Creativity by compositionality in machine learning (M. Wyart)
Generative models, such as Large Language or diffusion Models, manage to learn high dimensional distributions. This feat is generically impossible, unless data are highly structured. What is the nature of this structure? In a sequence of works, the Wyart’s group has shown that if data hierarchically compose features at different levels (as illustrated in Fig.1A), then (i) deep nets (but not shallow ones) can learn a classification task with a number of data polynomial, instead of exponential, in the dimension of the problem. The same holds true for transformers learning the data distribution by training on next token prediction. An intriguing consequence of this viewpoint is the existence of a phase transition in diffusion models at some noise level, below which Forward-Backward experiments (see Fig.1B) display a phase transition. Overall, this analysis supports that the success of generative models lies in their ability to compose a new whole from previously observed low-level elements- a fact relevant for tasks ranging from reasoning to the composition of a new image.

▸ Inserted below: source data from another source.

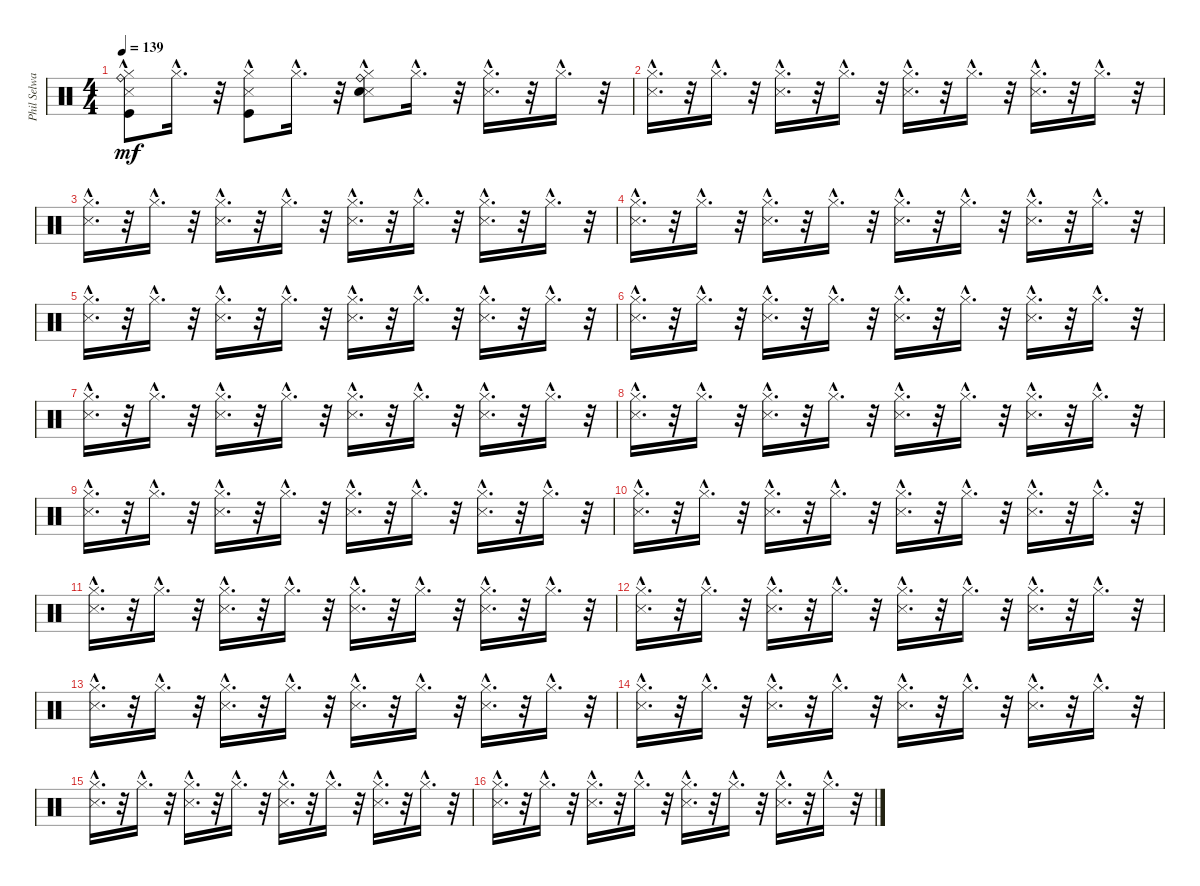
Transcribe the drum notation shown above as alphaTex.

\track ("Phil Selway - Drums" "Phil Selwa") {instrument percussion}
\staff {score}
\articulation defaults
\ts (4 4)
\tempo 139
\clef neutral
\ks c
("Hi-Hat (closed)"{hac} "Snare (side stick) 3"{hac} "Kick (hit)"{hac} "Ride (bell)"{hac}).8{dy mf} "Hi-Hat (closed)"{hac}.16{d} r.32 ("Hi-Hat (closed)"{hac} "Snare (side stick) 3"{hac} "Kick (hit)"{hac}).8 "Hi-Hat (closed)"{hac}.16{d} r.32 ("Hi-Hat (closed)"{hac} "Snare (side stick) 3"{hac} "Snare (hit) 2"{hac} "Ride (bell)"{hac}).8 "Hi-Hat (closed)"{hac}.16{d} r.32 ("Hi-Hat (closed)"{hac} "Snare (side stick) 3"{hac}).16{d} r.32 "Hi-Hat (closed)"{hac}.16{d} r.32 |
("Hi-Hat (closed)"{hac} "Snare (side stick) 3"{hac}).16{d} r.32 "Hi-Hat (closed)"{hac}.16{d} r.32 ("Hi-Hat (closed)"{hac} "Snare (side stick) 3"{hac}).16{d} r.32 "Hi-Hat (closed)"{hac}.16{d} r.32 ("Hi-Hat (closed)"{hac} "Snare (side stick) 3"{hac}).16{d} r.32 "Hi-Hat (closed)"{hac}.16{d} r.32 ("Hi-Hat (closed)"{hac} "Snare (side stick) 3"{hac}).16{d} r.32 "Hi-Hat (closed)"{hac}.16{d} r.32 |
("Snare (side stick) 3"{hac} "Hi-Hat (closed)"{hac}).16{d} r.32 "Hi-Hat (closed)"{hac}.16{d} r.32 ("Snare (side stick) 3"{hac} "Hi-Hat (closed)"{hac}).16{d} r.32 "Hi-Hat (closed)"{hac}.16{d} r.32 ("Snare (side stick) 3"{hac} "Hi-Hat (closed)"{hac}).16{d} r.32 "Hi-Hat (closed)"{hac}.16{d} r.32 ("Snare (side stick) 3"{hac} "Hi-Hat (closed)"{hac}).16{d} r.32 "Hi-Hat (closed)"{hac}.16{d} r.32 |
("Snare (side stick) 3"{hac} "Hi-Hat (closed)"{hac}).16{d} r.32 "Hi-Hat (closed)"{hac}.16{d} r.32 ("Snare (side stick) 3"{hac} "Hi-Hat (closed)"{hac}).16{d} r.32 "Hi-Hat (closed)"{hac}.16{d} r.32 ("Snare (side stick) 3"{hac} "Hi-Hat (closed)"{hac}).16{d} r.32 "Hi-Hat (closed)"{hac}.16{d} r.32 ("Snare (side stick) 3"{hac} "Hi-Hat (closed)"{hac}).16{d} r.32 "Hi-Hat (closed)"{hac}.16{d} r.32 |
("Snare (side stick) 3"{hac} "Hi-Hat (closed)"{hac}).16{d} r.32 "Hi-Hat (closed)"{hac}.16{d} r.32 ("Snare (side stick) 3"{hac} "Hi-Hat (closed)"{hac}).16{d} r.32 "Hi-Hat (closed)"{hac}.16{d} r.32 ("Snare (side stick) 3"{hac} "Hi-Hat (closed)"{hac}).16{d} r.32 "Hi-Hat (closed)"{hac}.16{d} r.32 ("Snare (side stick) 3"{hac} "Hi-Hat (closed)"{hac}).16{d} r.32 "Hi-Hat (closed)"{hac}.16{d} r.32 |
("Snare (side stick) 3"{hac} "Hi-Hat (closed)"{hac}).16{d} r.32 "Hi-Hat (closed)"{hac}.16{d} r.32 ("Snare (side stick) 3"{hac} "Hi-Hat (closed)"{hac}).16{d} r.32 "Hi-Hat (closed)"{hac}.16{d} r.32 ("Snare (side stick) 3"{hac} "Hi-Hat (closed)"{hac}).16{d} r.32 "Hi-Hat (closed)"{hac}.16{d} r.32 ("Snare (side stick) 3"{hac} "Hi-Hat (closed)"{hac}).16{d} r.32 "Hi-Hat (closed)"{hac}.16{d} r.32 |
("Hi-Hat (closed)"{hac} "Snare (side stick) 3"{hac}).16{d} r.32 "Hi-Hat (closed)"{hac}.16{d} r.32 ("Hi-Hat (closed)"{hac} "Snare (side stick) 3"{hac}).16{d} r.32 "Hi-Hat (closed)"{hac}.16{d} r.32 ("Hi-Hat (closed)"{hac} "Snare (side stick) 3"{hac}).16{d} r.32 "Hi-Hat (closed)"{hac}.16{d} r.32 ("Hi-Hat (closed)"{hac} "Snare (side stick) 3"{hac}).16{d} r.32 "Hi-Hat (closed)"{hac}.16{d} r.32 |
("Hi-Hat (closed)"{hac} "Snare (side stick) 3"{hac}).16{d} r.32 "Hi-Hat (closed)"{hac}.16{d} r.32 ("Hi-Hat (closed)"{hac} "Snare (side stick) 3"{hac}).16{d} r.32 "Hi-Hat (closed)"{hac}.16{d} r.32 ("Hi-Hat (closed)"{hac} "Snare (side stick) 3"{hac}).16{d} r.32 "Hi-Hat (closed)"{hac}.16{d} r.32 ("Hi-Hat (closed)"{hac} "Snare (side stick) 3"{hac}).16{d} r.32 "Hi-Hat (closed)"{hac}.16{d} r.32 |
("Hi-Hat (closed)"{hac} "Snare (side stick) 3"{hac}).16{d} r.32 "Hi-Hat (closed)"{hac}.16{d} r.32 ("Hi-Hat (closed)"{hac} "Snare (side stick) 3"{hac}).16{d} r.32 "Hi-Hat (closed)"{hac}.16{d} r.32 ("Hi-Hat (closed)"{hac} "Snare (side stick) 3"{hac}).16{d} r.32 "Hi-Hat (closed)"{hac}.16{d} r.32 ("Hi-Hat (closed)"{hac} "Snare (side stick) 3"{hac}).16{d} r.32 "Hi-Hat (closed)"{hac}.16{d} r.32 |
("Hi-Hat (closed)"{hac} "Snare (side stick) 3"{hac}).16{d} r.32 "Hi-Hat (closed)"{hac}.16{d} r.32 ("Hi-Hat (closed)"{hac} "Snare (side stick) 3"{hac}).16{d} r.32 "Hi-Hat (closed)"{hac}.16{d} r.32 ("Hi-Hat (closed)"{hac} "Snare (side stick) 3"{hac}).16{d} r.32 "Hi-Hat (closed)"{hac}.16{d} r.32 ("Hi-Hat (closed)"{hac} "Snare (side stick) 3"{hac}).16{d} r.32 "Hi-Hat (closed)"{hac}.16{d} r.32 |
("Snare (side stick) 3"{hac} "Hi-Hat (closed)"{hac}).16{d} r.32 "Hi-Hat (closed)"{hac}.16{d} r.32 ("Snare (side stick) 3"{hac} "Hi-Hat (closed)"{hac}).16{d} r.32 "Hi-Hat (closed)"{hac}.16{d} r.32 ("Snare (side stick) 3"{hac} "Hi-Hat (closed)"{hac}).16{d} r.32 "Hi-Hat (closed)"{hac}.16{d} r.32 ("Snare (side stick) 3"{hac} "Hi-Hat (closed)"{hac}).16{d} r.32 "Hi-Hat (closed)"{hac}.16{d} r.32 |
("Snare (side stick) 3"{hac} "Hi-Hat (closed)"{hac}).16{d} r.32 "Hi-Hat (closed)"{hac}.16{d} r.32 ("Snare (side stick) 3"{hac} "Hi-Hat (closed)"{hac}).16{d} r.32 "Hi-Hat (closed)"{hac}.16{d} r.32 ("Snare (side stick) 3"{hac} "Hi-Hat (closed)"{hac}).16{d} r.32 "Hi-Hat (closed)"{hac}.16{d} r.32 ("Snare (side stick) 3"{hac} "Hi-Hat (closed)"{hac}).16{d} r.32 "Hi-Hat (closed)"{hac}.16{d} r.32 |
("Snare (side stick) 3"{hac} "Hi-Hat (closed)"{hac}).16{d} r.32 "Hi-Hat (closed)"{hac}.16{d} r.32 ("Snare (side stick) 3"{hac} "Hi-Hat (closed)"{hac}).16{d} r.32 "Hi-Hat (closed)"{hac}.16{d} r.32 ("Snare (side stick) 3"{hac} "Hi-Hat (closed)"{hac}).16{d} r.32 "Hi-Hat (closed)"{hac}.16{d} r.32 ("Snare (side stick) 3"{hac} "Hi-Hat (closed)"{hac}).16{d} r.32 "Hi-Hat (closed)"{hac}.16{d} r.32 |
("Snare (side stick) 3"{hac} "Hi-Hat (closed)"{hac}).16{d} r.32 "Hi-Hat (closed)"{hac}.16{d} r.32 ("Snare (side stick) 3"{hac} "Hi-Hat (closed)"{hac}).16{d} r.32 "Hi-Hat (closed)"{hac}.16{d} r.32 ("Snare (side stick) 3"{hac} "Hi-Hat (closed)"{hac}).16{d} r.32 "Hi-Hat (closed)"{hac}.16{d} r.32 ("Snare (side stick) 3"{hac} "Hi-Hat (closed)"{hac}).16{d} r.32 "Hi-Hat (closed)"{hac}.16{d} r.32 |
("Hi-Hat (closed)"{hac} "Snare (side stick) 3"{hac}).16{d} r.32 "Hi-Hat (closed)"{hac}.16{d} r.32 ("Hi-Hat (closed)"{hac} "Snare (side stick) 3"{hac}).16{d} r.32 "Hi-Hat (closed)"{hac}.16{d} r.32 ("Hi-Hat (closed)"{hac} "Snare (side stick) 3"{hac}).16{d} r.32 "Hi-Hat (closed)"{hac}.16{d} r.32 ("Hi-Hat (closed)"{hac} "Snare (side stick) 3"{hac}).16{d} r.32 "Hi-Hat (closed)"{hac}.16{d} r.32 |
("Hi-Hat (closed)"{hac} "Snare (side stick) 3"{hac}).16{d} r.32 "Hi-Hat (closed)"{hac}.16{d} r.32 ("Hi-Hat (closed)"{hac} "Snare (side stick) 3"{hac}).16{d} r.32 "Hi-Hat (closed)"{hac}.16{d} r.32 ("Hi-Hat (closed)"{hac} "Snare (side stick) 3"{hac}).16{d} r.32 "Hi-Hat (closed)"{hac}.16{d} r.32 ("Hi-Hat (closed)"{hac} "Snare (side stick) 3"{hac}).16{d} r.32 "Hi-Hat (closed)"{hac}.16{d} r.32

A – Sketch of the latent structure of data that are composed hierarchically. B – Forward-Backward experiments in diffusion models, where noise is added from the initial leftmost image, and then removed. For small noise, low-level elements of the snow leopard (such as eye color) are affected. At larger noise, the theory predicts that the class will change, but will still use low-level elements of the initial picture: the fox shares the nose, eyes and ears of the snow leopard. For even larger noise, a butterfly hijacks the leopard spots.
Neural scaling laws (J. Kaplan)
We study empirical scaling laws for language model performance on the cross-entropy loss. The loss scales as a power-law with model size, dataset size, and the amount of compute used for training, with some trends spanning more than seven orders of magnitude. Other architectural details such as network width or depth have minimal effects within a wide range. Simple equations govern the dependence of overfitting on model/dataset size and the dependence of training speed on model size. These relationships allow us to determine the optimal allocation of a fixed compute budget. Larger models are significantly more sample-efficient, such that optimally compute-efficient training involves training very large models on a relatively modest amount of data and stopping significantly before convergence.
Scaling Laws for Neural Language Models
Machine learning with symmetries, structured like classical physics (S. Villar)
Any representation of data involves arbitrary investigator choices. Because those choices are external to the data-generating process, each choice leads to an exact symmetry, corresponding to the group of transformations that takes one possible representation to another. These are the passive symmetries; they include coordinate freedom, gauge symmetry, and units covariance, all of which have led to important results in physics. In machine learning, the most visible passive symmetry is the relabeling or permutation symmetry of graphs. The active symmetries are those that must be established by observation and experiment. They include, for instance, translations invariances or rotation invariances of physical law. In our work we design machine learning models that satisfy the (active and passive) symmetries. In order to do so we take inspiration from classical invariant theory and classical physics.
(Left) Equivariant convolution of a scalar image with a geometric pseudovector filter on top, and a geometric pseudoscalar filter on the bottom. (Right) Illustration of the results of a UNET with geometric filters trained to predict the dynamics of a compressible Navier-Stokes equation. The corresponding paper won a best paper award at the workshop Machine Learning for the Physical Sciences at NeurIPS 2024.